> _What to produce_
Each line from the one that has "In the picture" through the final line of the listing is to be written out exactly, and no other line is.

> _Source data_
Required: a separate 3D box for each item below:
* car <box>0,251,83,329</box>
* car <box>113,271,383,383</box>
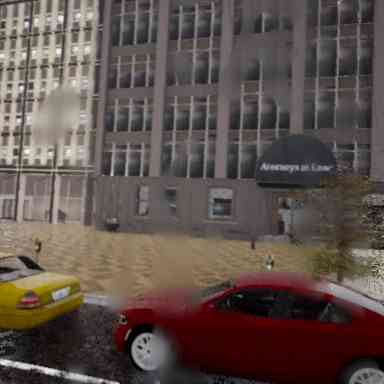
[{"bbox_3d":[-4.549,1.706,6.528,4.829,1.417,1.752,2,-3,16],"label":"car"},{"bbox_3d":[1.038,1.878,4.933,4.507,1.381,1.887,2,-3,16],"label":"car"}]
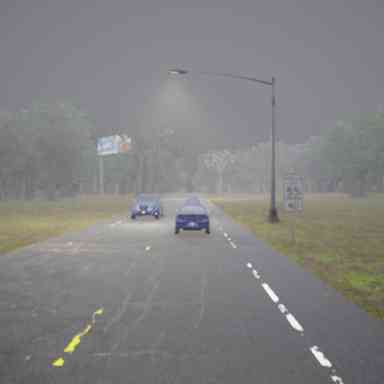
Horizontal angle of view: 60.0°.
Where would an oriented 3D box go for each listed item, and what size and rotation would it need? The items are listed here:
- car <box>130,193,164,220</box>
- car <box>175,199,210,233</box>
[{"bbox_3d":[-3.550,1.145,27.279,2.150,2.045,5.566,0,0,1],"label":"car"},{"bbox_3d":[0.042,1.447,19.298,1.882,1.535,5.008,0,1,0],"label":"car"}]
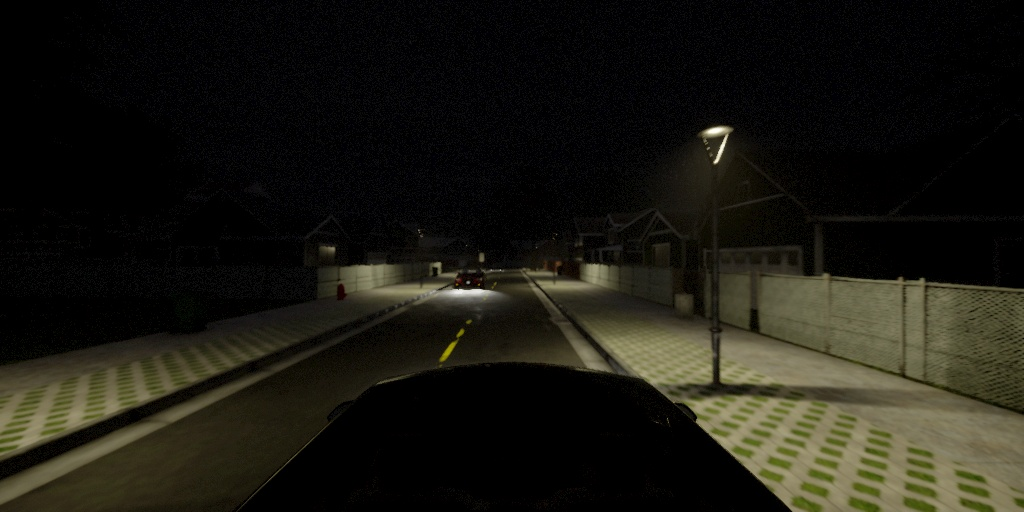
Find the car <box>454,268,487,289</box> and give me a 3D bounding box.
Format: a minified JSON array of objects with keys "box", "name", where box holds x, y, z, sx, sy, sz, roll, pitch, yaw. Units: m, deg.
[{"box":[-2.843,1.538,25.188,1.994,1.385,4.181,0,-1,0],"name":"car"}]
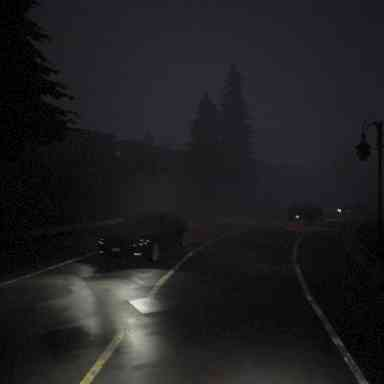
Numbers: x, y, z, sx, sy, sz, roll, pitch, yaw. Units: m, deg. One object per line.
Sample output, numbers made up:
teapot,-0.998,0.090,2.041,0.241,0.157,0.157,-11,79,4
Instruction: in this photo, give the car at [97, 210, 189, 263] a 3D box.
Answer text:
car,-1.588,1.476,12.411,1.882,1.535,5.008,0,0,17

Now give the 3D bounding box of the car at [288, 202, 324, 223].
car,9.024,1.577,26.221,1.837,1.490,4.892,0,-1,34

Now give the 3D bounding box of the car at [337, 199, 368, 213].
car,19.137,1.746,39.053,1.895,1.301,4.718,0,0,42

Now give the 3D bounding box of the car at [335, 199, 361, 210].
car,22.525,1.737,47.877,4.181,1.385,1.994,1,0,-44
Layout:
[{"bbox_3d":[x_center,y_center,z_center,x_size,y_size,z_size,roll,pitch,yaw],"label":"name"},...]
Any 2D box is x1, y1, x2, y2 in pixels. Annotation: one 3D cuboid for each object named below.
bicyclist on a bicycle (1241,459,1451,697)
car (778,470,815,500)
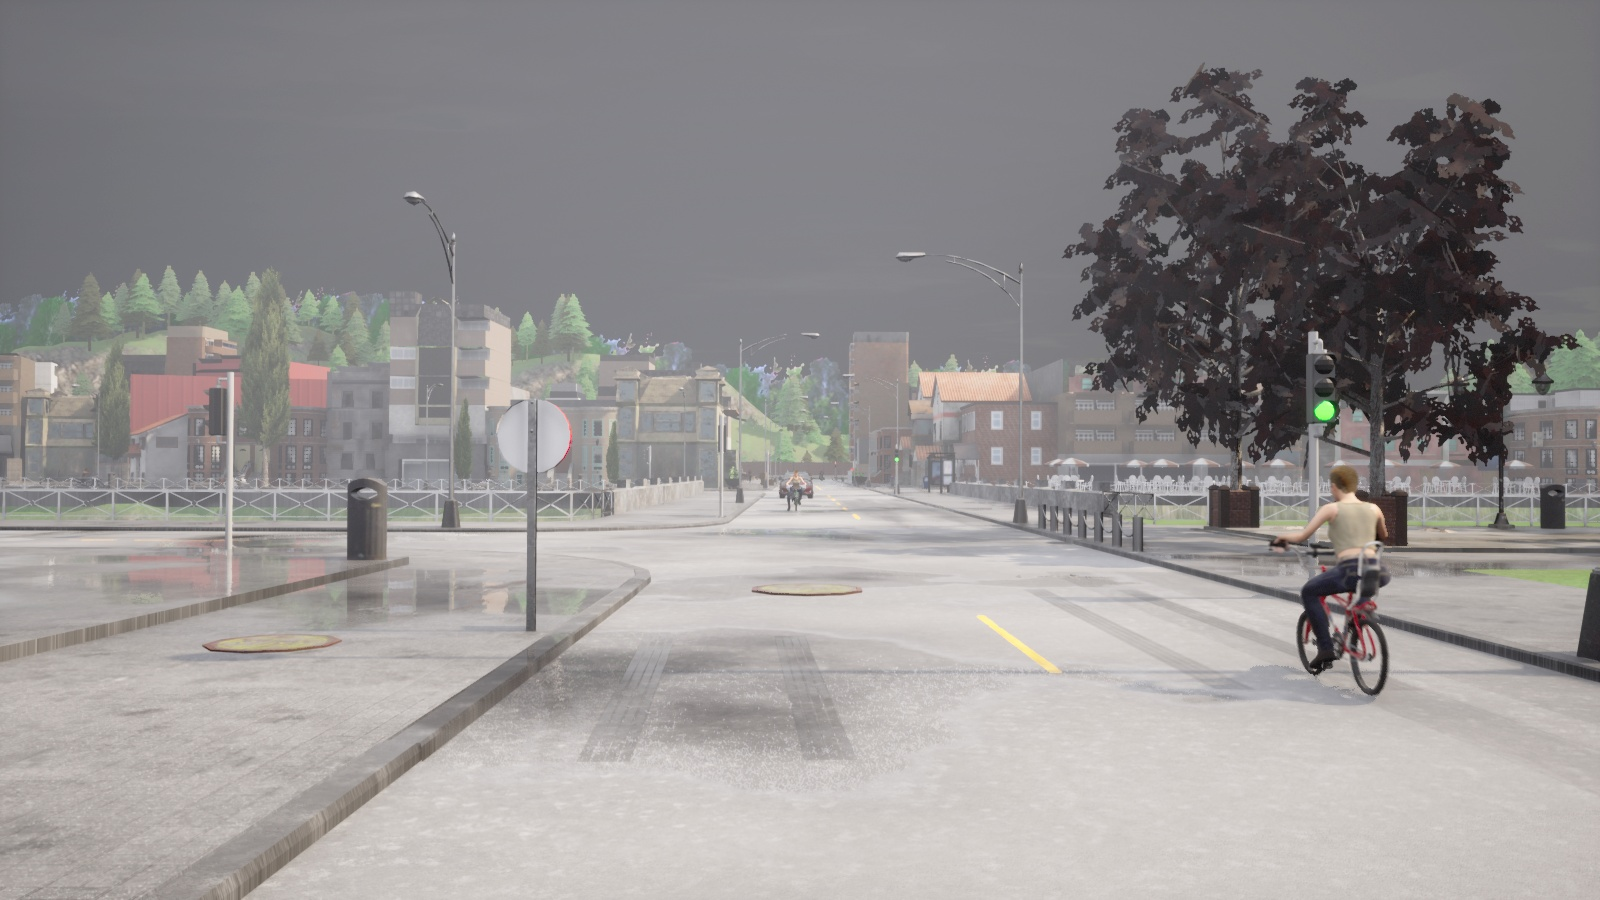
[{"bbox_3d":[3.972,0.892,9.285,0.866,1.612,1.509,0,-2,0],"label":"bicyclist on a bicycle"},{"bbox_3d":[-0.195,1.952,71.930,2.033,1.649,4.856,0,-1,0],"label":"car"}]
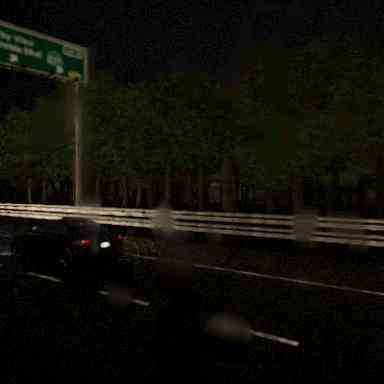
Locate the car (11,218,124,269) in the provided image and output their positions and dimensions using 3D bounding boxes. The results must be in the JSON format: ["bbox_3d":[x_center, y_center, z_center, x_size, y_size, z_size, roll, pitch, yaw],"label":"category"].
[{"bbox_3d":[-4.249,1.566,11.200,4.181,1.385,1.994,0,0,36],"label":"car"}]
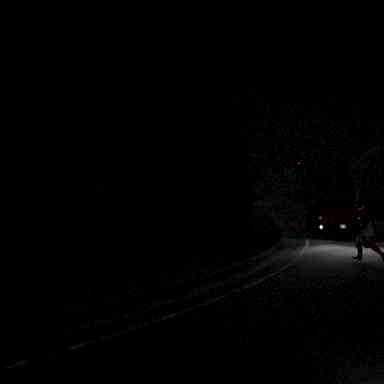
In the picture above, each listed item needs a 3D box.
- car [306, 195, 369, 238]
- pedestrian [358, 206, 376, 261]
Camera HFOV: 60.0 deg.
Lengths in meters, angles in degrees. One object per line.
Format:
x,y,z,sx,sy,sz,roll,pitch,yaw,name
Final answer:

> _Exercise solution_
In the picture above, each listed item needs a 3D box.
- car [306, 195, 369, 238]
- pedestrian [358, 206, 376, 261]
Camera HFOV: 60.0 deg.
Lengths in meters, angles in degrees. One object per line.
Format:
x,y,z,sx,sy,sz,roll,pitch,yaw,name
Final answer:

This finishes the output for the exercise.